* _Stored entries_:
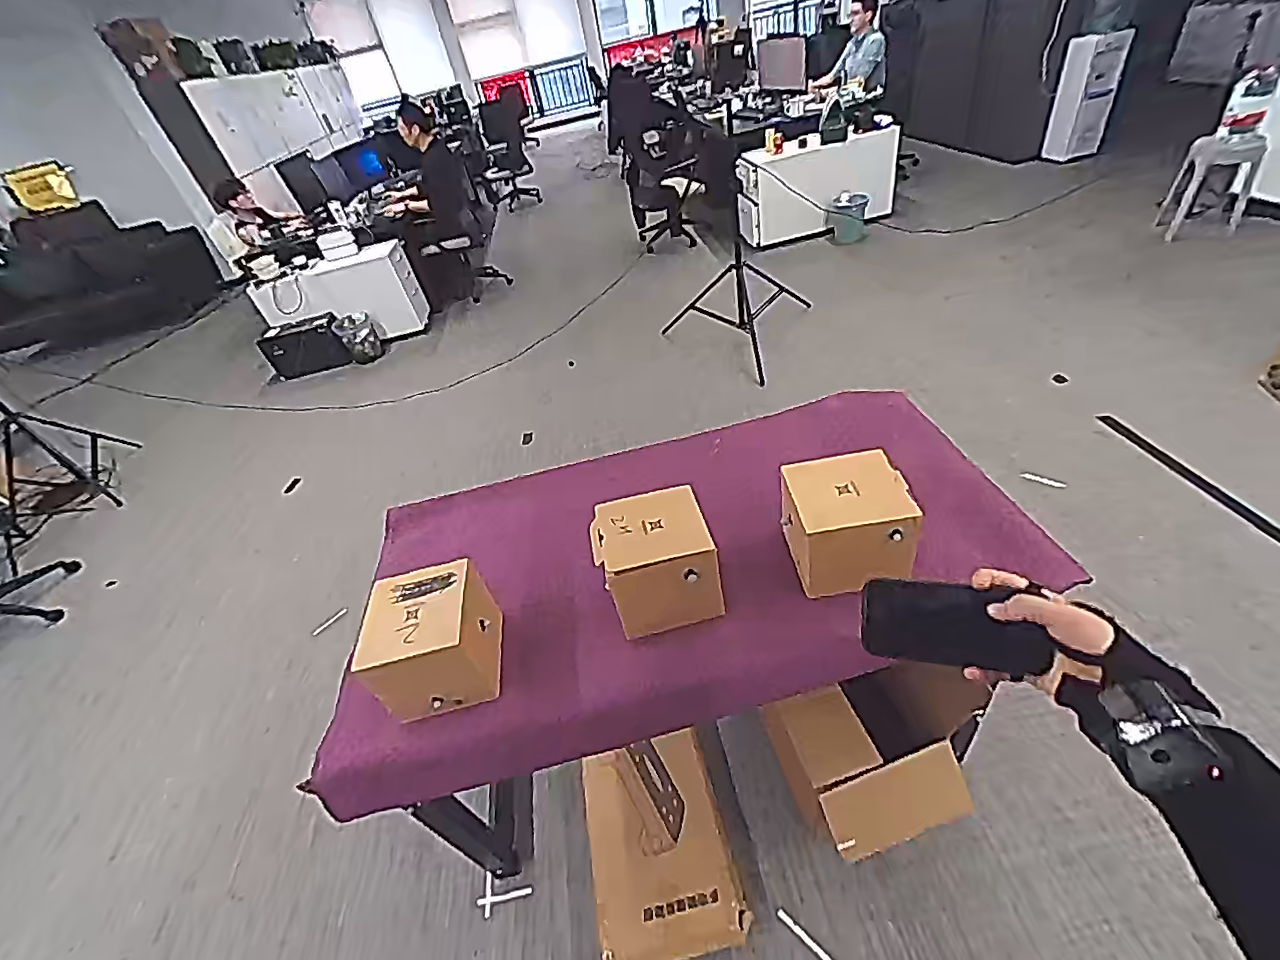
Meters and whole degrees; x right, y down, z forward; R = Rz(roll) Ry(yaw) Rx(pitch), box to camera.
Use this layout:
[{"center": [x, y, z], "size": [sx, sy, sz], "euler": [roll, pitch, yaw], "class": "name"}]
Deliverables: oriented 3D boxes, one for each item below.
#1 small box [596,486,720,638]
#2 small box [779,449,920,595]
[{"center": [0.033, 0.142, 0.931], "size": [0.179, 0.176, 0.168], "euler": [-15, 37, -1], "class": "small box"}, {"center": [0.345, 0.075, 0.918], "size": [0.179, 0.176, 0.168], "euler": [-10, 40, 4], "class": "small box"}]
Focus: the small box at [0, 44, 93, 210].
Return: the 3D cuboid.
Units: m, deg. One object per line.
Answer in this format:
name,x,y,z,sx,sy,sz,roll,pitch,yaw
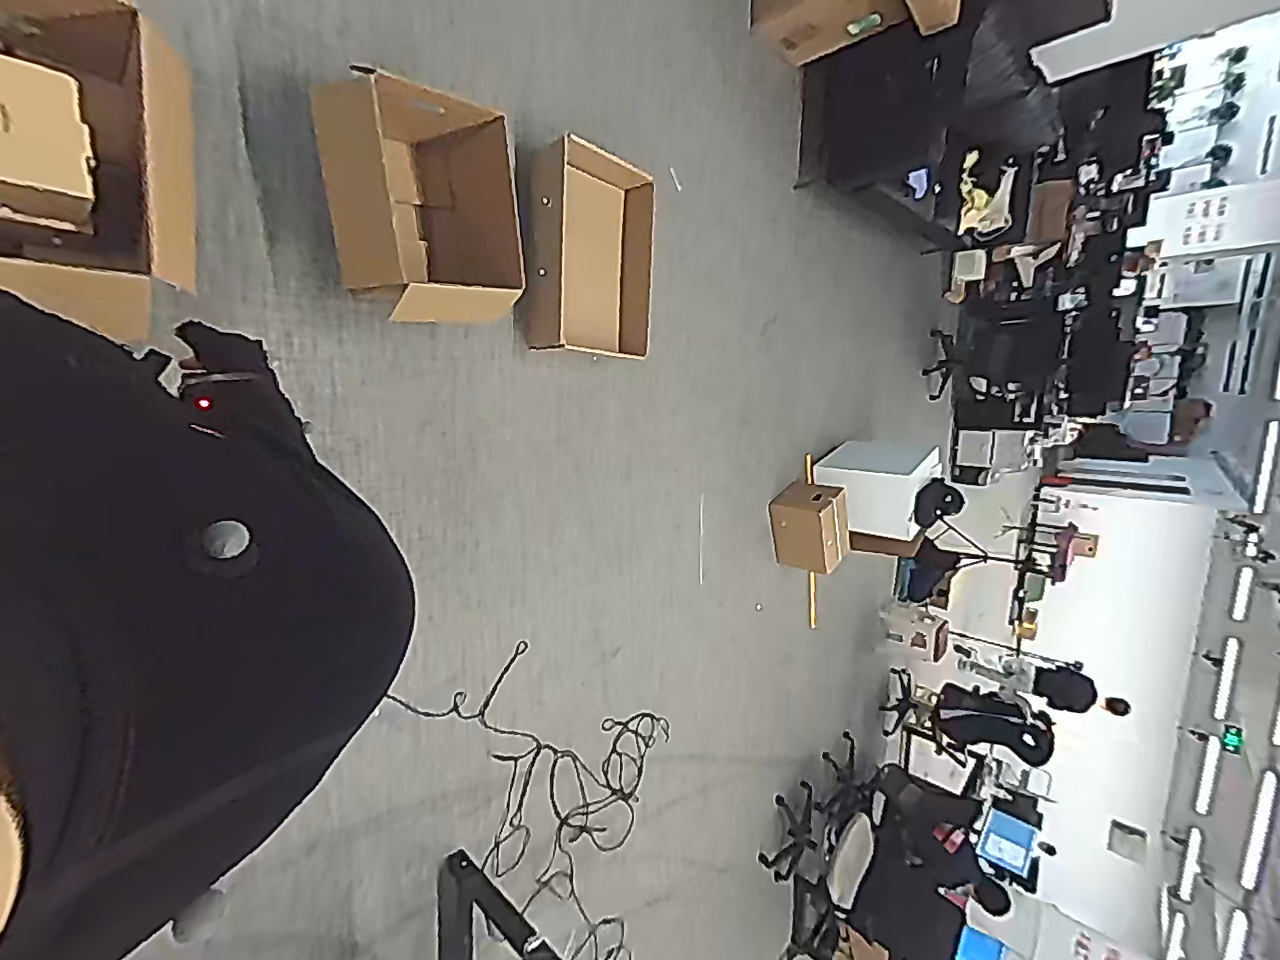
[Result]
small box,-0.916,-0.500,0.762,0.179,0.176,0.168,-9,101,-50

* _Exercise directions_:
Which of the lines above carry the string "name"? Copy every one.

* _Answer to this task_:
[{"center": [x, y, z], "size": [sx, sy, sz], "euler": [roll, pitch, yaw], "class": "name"}]
name,x,y,z,sx,sy,sz,roll,pitch,yaw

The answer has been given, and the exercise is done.